*What this task involves*
What is needed is an exact retyping of each entry, pictures excluded.

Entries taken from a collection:

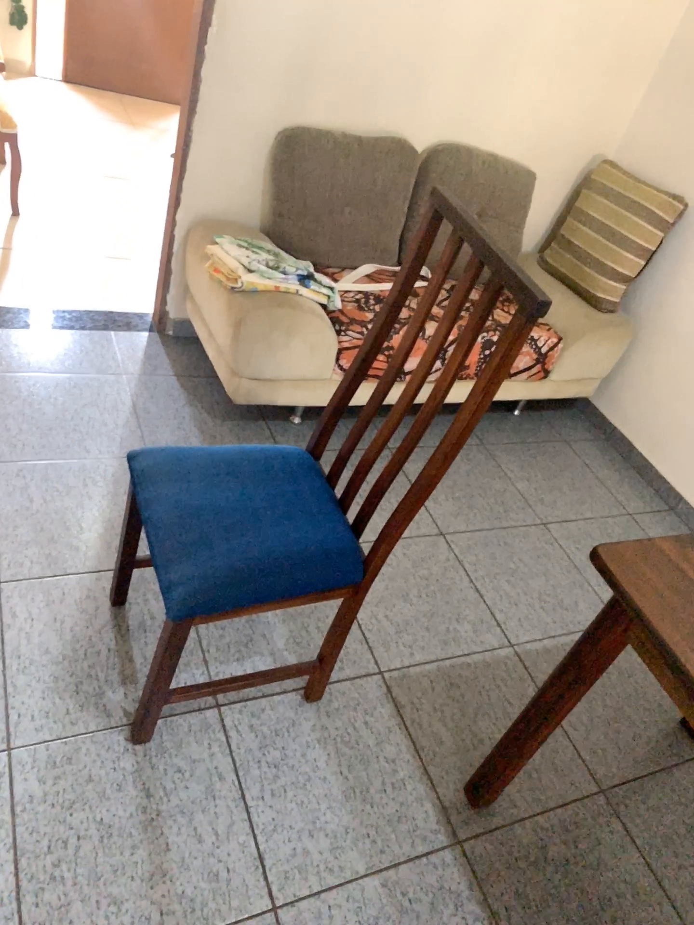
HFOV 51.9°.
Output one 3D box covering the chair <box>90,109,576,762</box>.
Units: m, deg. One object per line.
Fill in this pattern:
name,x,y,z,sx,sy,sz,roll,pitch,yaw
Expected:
chair,-0.158,0.037,1.377,0.521,1.123,0.472,-2,44,-27
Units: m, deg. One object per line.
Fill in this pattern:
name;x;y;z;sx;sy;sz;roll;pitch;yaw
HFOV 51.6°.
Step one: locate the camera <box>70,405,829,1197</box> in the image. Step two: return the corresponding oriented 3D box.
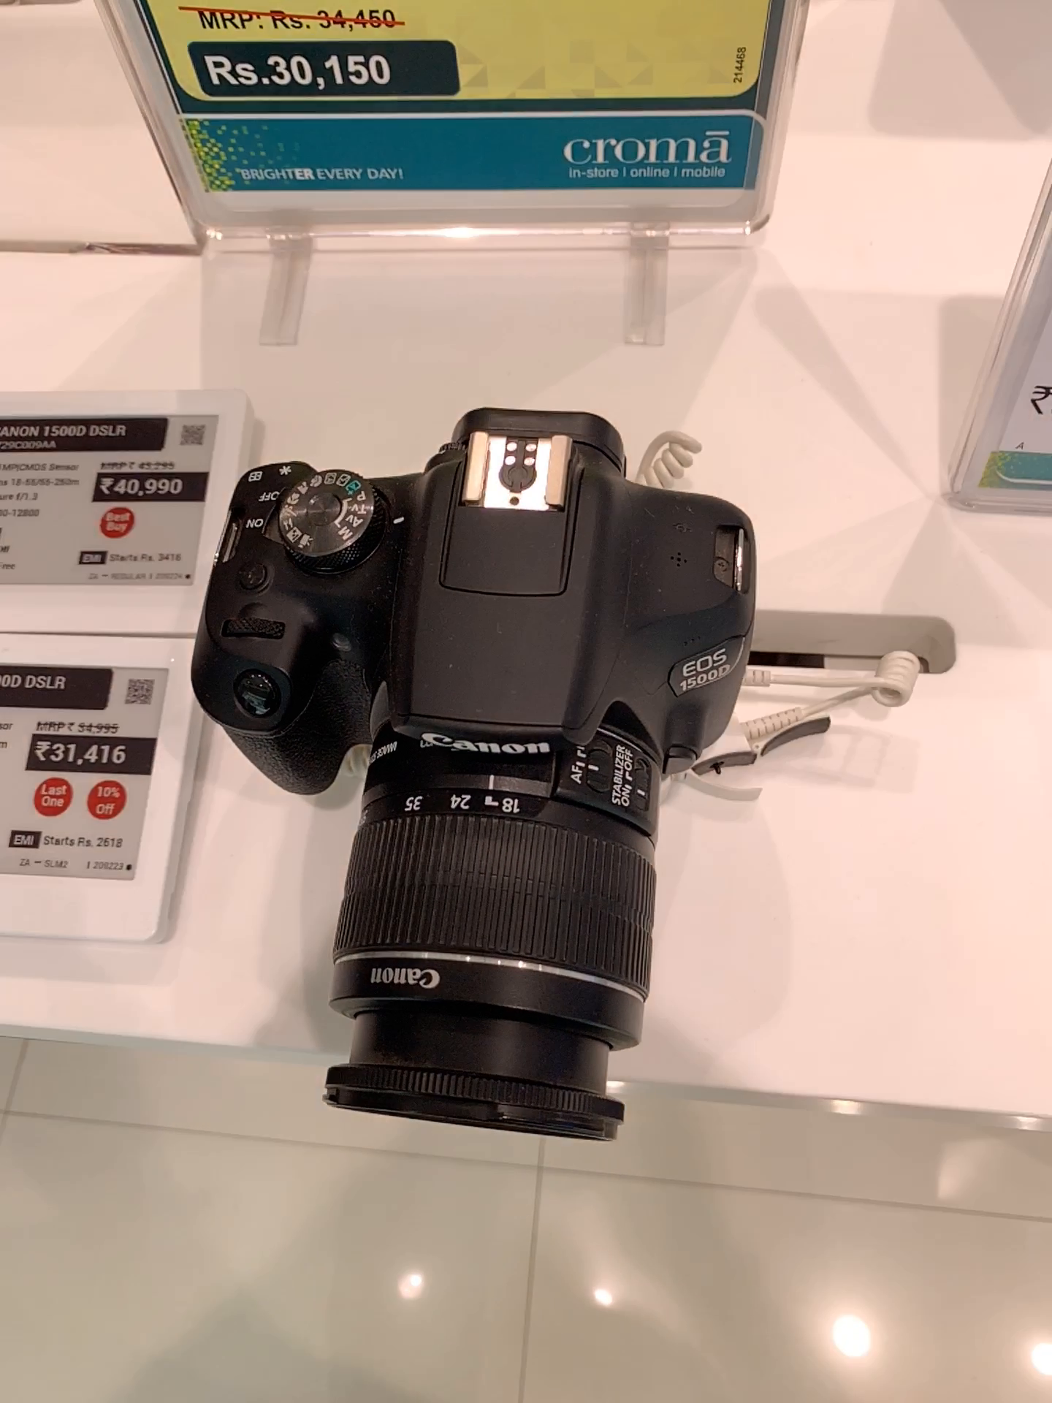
camera;-0.003;0.023;0.223;0.110;0.090;0.130;4;66;6
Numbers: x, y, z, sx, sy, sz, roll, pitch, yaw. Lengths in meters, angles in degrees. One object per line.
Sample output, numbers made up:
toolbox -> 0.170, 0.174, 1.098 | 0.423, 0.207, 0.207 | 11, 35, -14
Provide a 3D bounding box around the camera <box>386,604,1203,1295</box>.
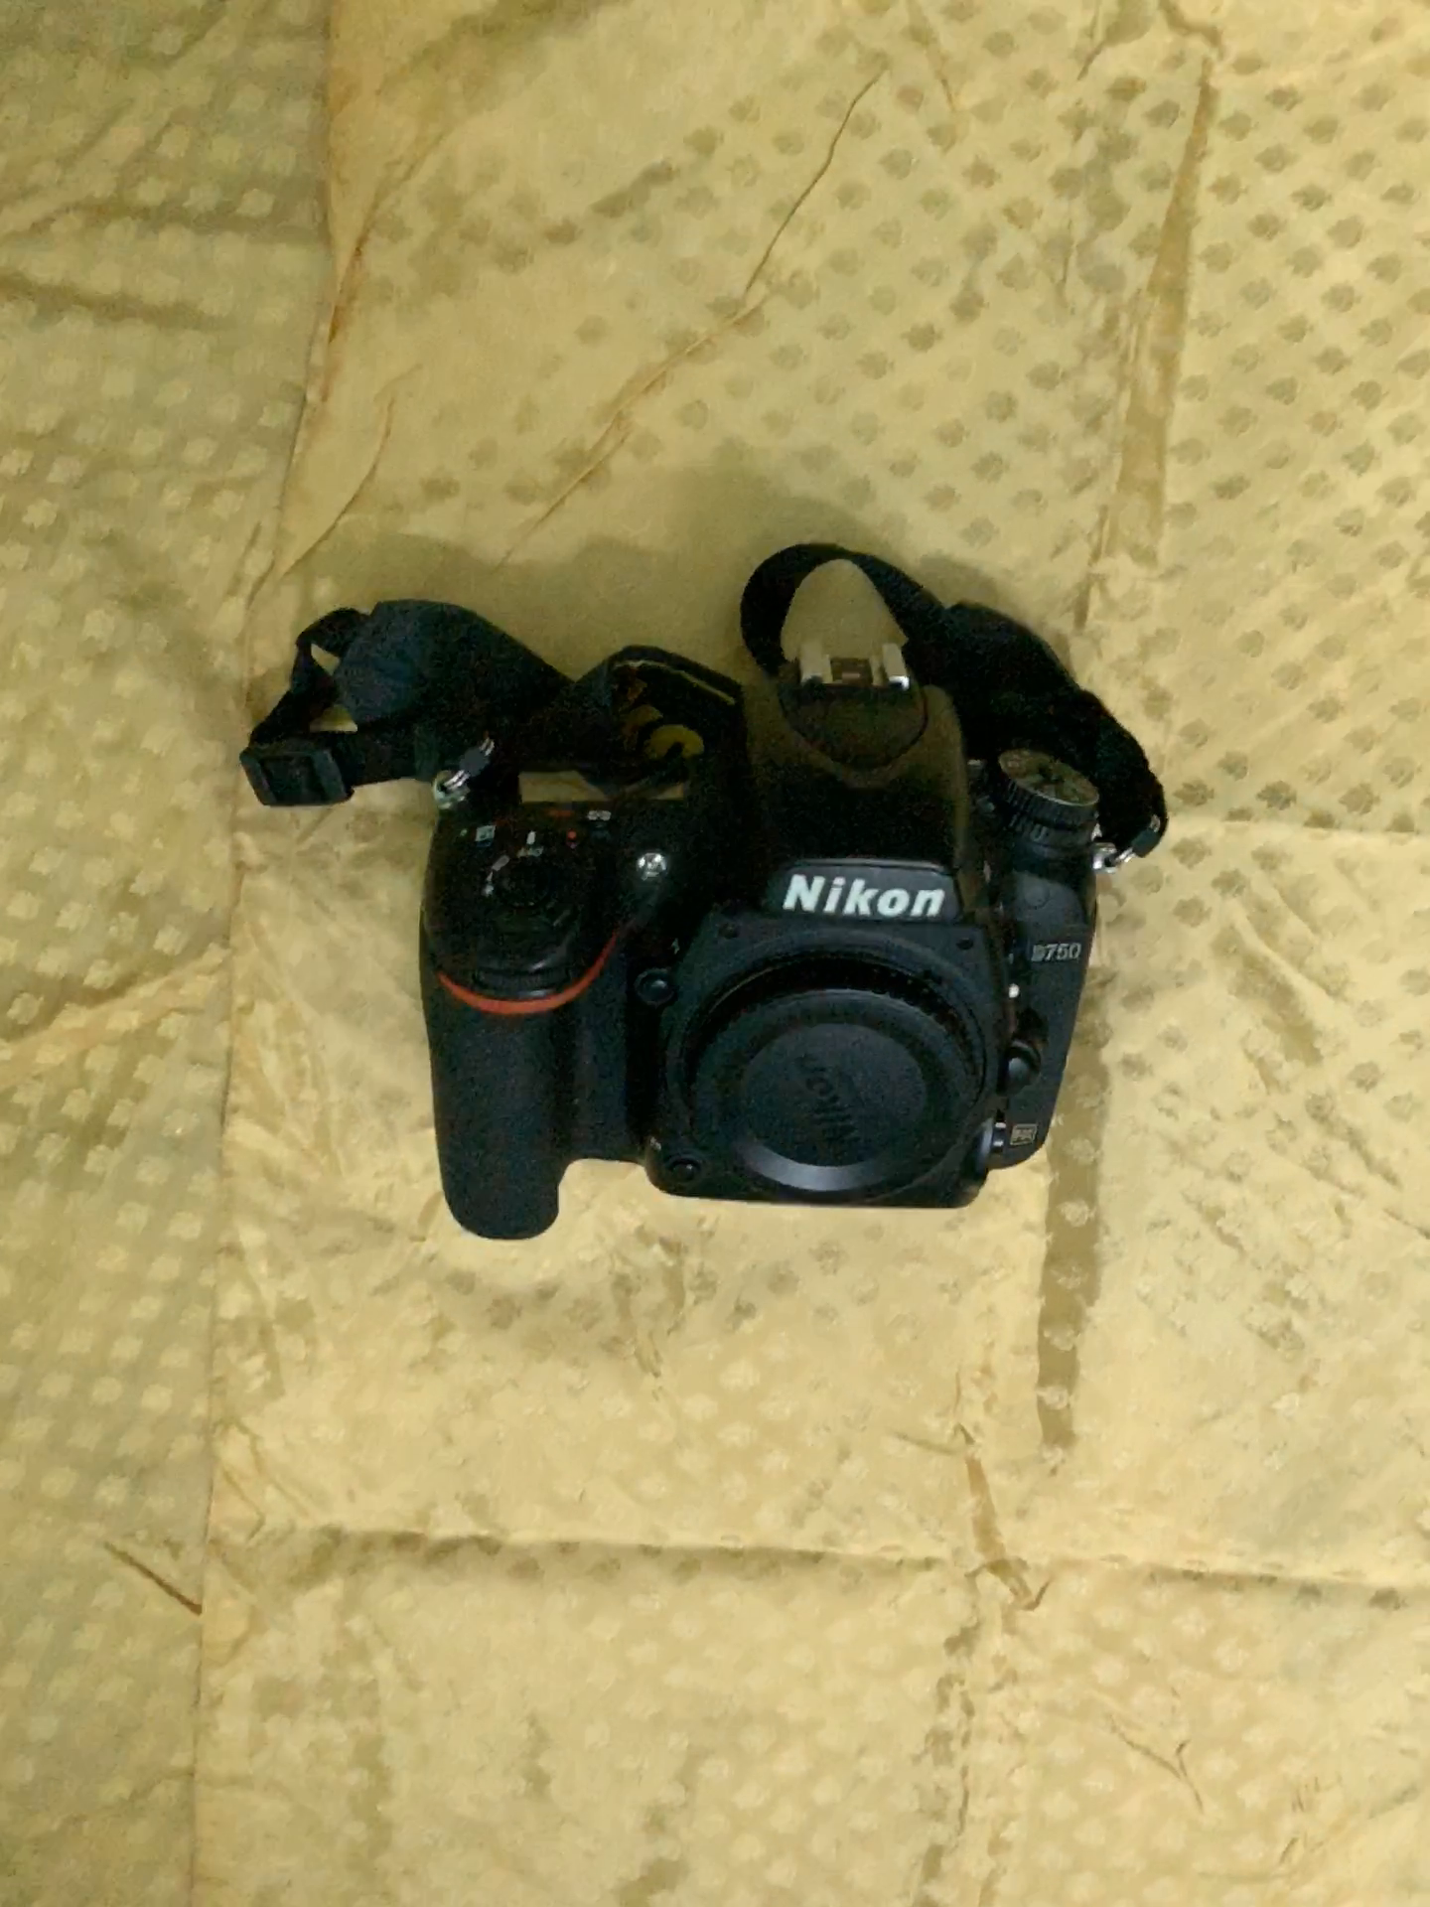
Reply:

*Problem solution*
HFOV 51.9°.
Output one 3D box covering the chair <box>90,109,576,762</box>.
Units: m, deg. One object per line.
Fill in this pattern:
name,x,y,z,sx,sy,sz,roll,pitch,yaw
Expected:
chair,-0.158,0.037,1.377,0.521,1.123,0.472,-2,44,-27
Units: m, deg. One object per line.
Fill in this pattern:
name;x;y;z;sx;sy;sz;roll;pitch;yaw
HFOV 51.6°.
Step one: locate the camera <box>70,405,829,1197</box> in the image. Step two: return the corresponding oriented 3D box.
camera;-0.003;0.023;0.223;0.110;0.090;0.130;4;66;6
Numbers: x, y, z, sx, sy, sz, roll, pitch, yaw. Lengths in meters, angles in degrees. One object per line.
Sample output, numbers made up:
toolbox -> 0.170, 0.174, 1.098 | 0.423, 0.207, 0.207 | 11, 35, -14
Provide a 3D bounding box around the camera <box>386,604,1203,1295</box>.
Reply:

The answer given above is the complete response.